Brief: Text in the records must be reproduced exactly, and pictures must be skipped.

[Data in this exercise — start]

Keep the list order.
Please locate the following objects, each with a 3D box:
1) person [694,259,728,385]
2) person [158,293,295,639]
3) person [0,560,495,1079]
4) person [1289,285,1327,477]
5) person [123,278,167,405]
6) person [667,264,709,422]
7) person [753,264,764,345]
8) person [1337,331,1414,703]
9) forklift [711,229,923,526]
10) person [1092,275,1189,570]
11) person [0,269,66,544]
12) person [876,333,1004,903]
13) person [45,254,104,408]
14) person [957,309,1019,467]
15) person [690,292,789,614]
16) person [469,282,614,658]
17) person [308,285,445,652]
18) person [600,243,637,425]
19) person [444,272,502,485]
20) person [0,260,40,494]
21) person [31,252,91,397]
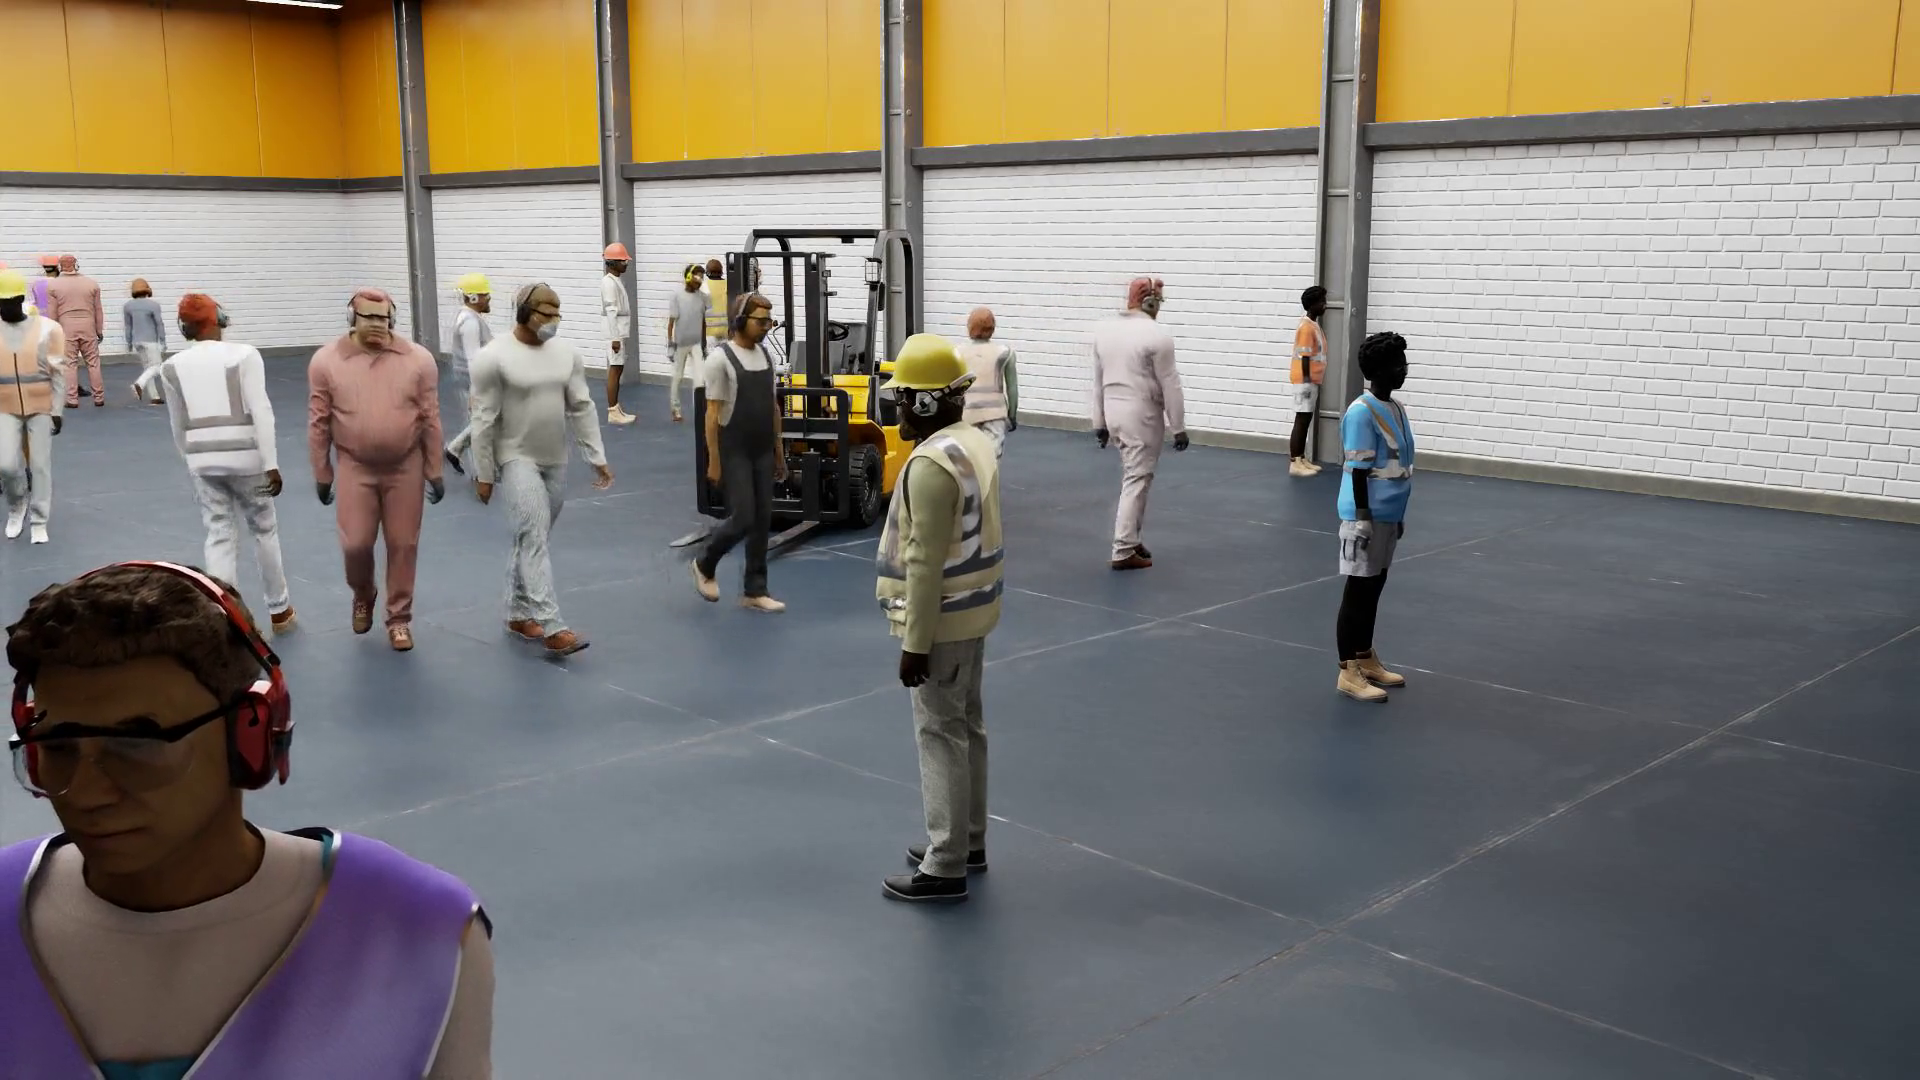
[{"bbox_3d":[-3.022,-2.552,20.608,0.635,1.840,0.429,-7,12,-32],"label":"person"},{"bbox_3d":[-3.826,-0.378,8.771,0.660,1.830,0.806,0,10,1],"label":"person"},{"bbox_3d":[-0.734,0.917,1.673,0.564,1.847,0.396,-1,10,-7],"label":"person"},{"bbox_3d":[3.100,-1.413,14.808,0.319,1.694,0.534,4,11,19],"label":"person"},{"bbox_3d":[-10.196,-2.464,20.749,0.509,1.607,0.594,2,11,12],"label":"person"},{"bbox_3d":[-3.073,-2.199,18.804,0.602,1.800,1.019,-7,13,-35],"label":"person"},{"bbox_3d":[-1.892,-1.551,14.879,0.363,1.939,0.636,-2,11,-10],"label":"person"},{"bbox_3d":[1.923,-0.113,7.704,0.318,1.697,0.533,6,12,31],"label":"person"},{"bbox_3d":[-1.050,-1.319,12.920,1.214,2.155,2.313,2,11,13],"label":"forklift"},{"bbox_3d":[1.193,-0.749,10.667,0.628,1.877,0.647,-7,12,-33],"label":"person"},{"bbox_3d":[-6.462,-0.907,11.470,0.581,1.904,0.440,-4,11,-22],"label":"person"},{"bbox_3d":[-0.068,0.251,5.380,0.403,1.824,0.592,2,11,13],"label":"person"},{"bbox_3d":[-10.972,-2.587,20.638,0.636,1.903,0.405,-8,13,-39],"label":"person"},{"bbox_3d":[0.169,-0.879,12.136,0.514,1.594,0.857,1,10,5],"label":"person"},{"bbox_3d":[-1.249,-0.485,9.388,0.506,1.823,0.506,7,13,34],"label":"person"},{"bbox_3d":[-2.101,-0.356,8.501,0.927,1.888,0.631,7,13,35],"label":"person"},{"bbox_3d":[-3.001,-0.369,8.585,0.645,1.882,0.478,-4,11,-21],"label":"person"},{"bbox_3d":[-3.868,-2.331,18.849,0.373,2.042,0.614,-1,10,-7],"label":"person"},{"bbox_3d":[-4.173,-1.366,14.201,0.508,1.822,0.594,-3,11,-14],"label":"person"},{"bbox_3d":[-7.886,-1.348,13.789,0.545,1.933,0.376,-6,12,-28],"label":"person"},{"bbox_3d":[-11.798,-2.783,21.671,0.558,1.915,0.812,3,11,14],"label":"person"}]

[Data in this exercise — finish]

Final answer:
Keep the list order.
Please locate the following objects, each with a 3D box:
1) person [694,259,728,385]
2) person [158,293,295,639]
3) person [0,560,495,1079]
4) person [1289,285,1327,477]
5) person [123,278,167,405]
6) person [667,264,709,422]
7) person [753,264,764,345]
8) person [1337,331,1414,703]
9) forklift [711,229,923,526]
10) person [1092,275,1189,570]
11) person [0,269,66,544]
12) person [876,333,1004,903]
13) person [45,254,104,408]
14) person [957,309,1019,467]
15) person [690,292,789,614]
16) person [469,282,614,658]
17) person [308,285,445,652]
18) person [600,243,637,425]
19) person [444,272,502,485]
20) person [0,260,40,494]
21) person [31,252,91,397]
[{"bbox_3d":[-3.022,-2.552,20.608,0.635,1.840,0.429,-7,12,-32],"label":"person"},{"bbox_3d":[-3.826,-0.378,8.771,0.660,1.830,0.806,0,10,1],"label":"person"},{"bbox_3d":[-0.734,0.917,1.673,0.564,1.847,0.396,-1,10,-7],"label":"person"},{"bbox_3d":[3.100,-1.413,14.808,0.319,1.694,0.534,4,11,19],"label":"person"},{"bbox_3d":[-10.196,-2.464,20.749,0.509,1.607,0.594,2,11,12],"label":"person"},{"bbox_3d":[-3.073,-2.199,18.804,0.602,1.800,1.019,-7,13,-35],"label":"person"},{"bbox_3d":[-1.892,-1.551,14.879,0.363,1.939,0.636,-2,11,-10],"label":"person"},{"bbox_3d":[1.923,-0.113,7.704,0.318,1.697,0.533,6,12,31],"label":"person"},{"bbox_3d":[-1.050,-1.319,12.920,1.214,2.155,2.313,2,11,13],"label":"forklift"},{"bbox_3d":[1.193,-0.749,10.667,0.628,1.877,0.647,-7,12,-33],"label":"person"},{"bbox_3d":[-6.462,-0.907,11.470,0.581,1.904,0.440,-4,11,-22],"label":"person"},{"bbox_3d":[-0.068,0.251,5.380,0.403,1.824,0.592,2,11,13],"label":"person"},{"bbox_3d":[-10.972,-2.587,20.638,0.636,1.903,0.405,-8,13,-39],"label":"person"},{"bbox_3d":[0.169,-0.879,12.136,0.514,1.594,0.857,1,10,5],"label":"person"},{"bbox_3d":[-1.249,-0.485,9.388,0.506,1.823,0.506,7,13,34],"label":"person"},{"bbox_3d":[-2.101,-0.356,8.501,0.927,1.888,0.631,7,13,35],"label":"person"},{"bbox_3d":[-3.001,-0.369,8.585,0.645,1.882,0.478,-4,11,-21],"label":"person"},{"bbox_3d":[-3.868,-2.331,18.849,0.373,2.042,0.614,-1,10,-7],"label":"person"},{"bbox_3d":[-4.173,-1.366,14.201,0.508,1.822,0.594,-3,11,-14],"label":"person"},{"bbox_3d":[-7.886,-1.348,13.789,0.545,1.933,0.376,-6,12,-28],"label":"person"},{"bbox_3d":[-11.798,-2.783,21.671,0.558,1.915,0.812,3,11,14],"label":"person"}]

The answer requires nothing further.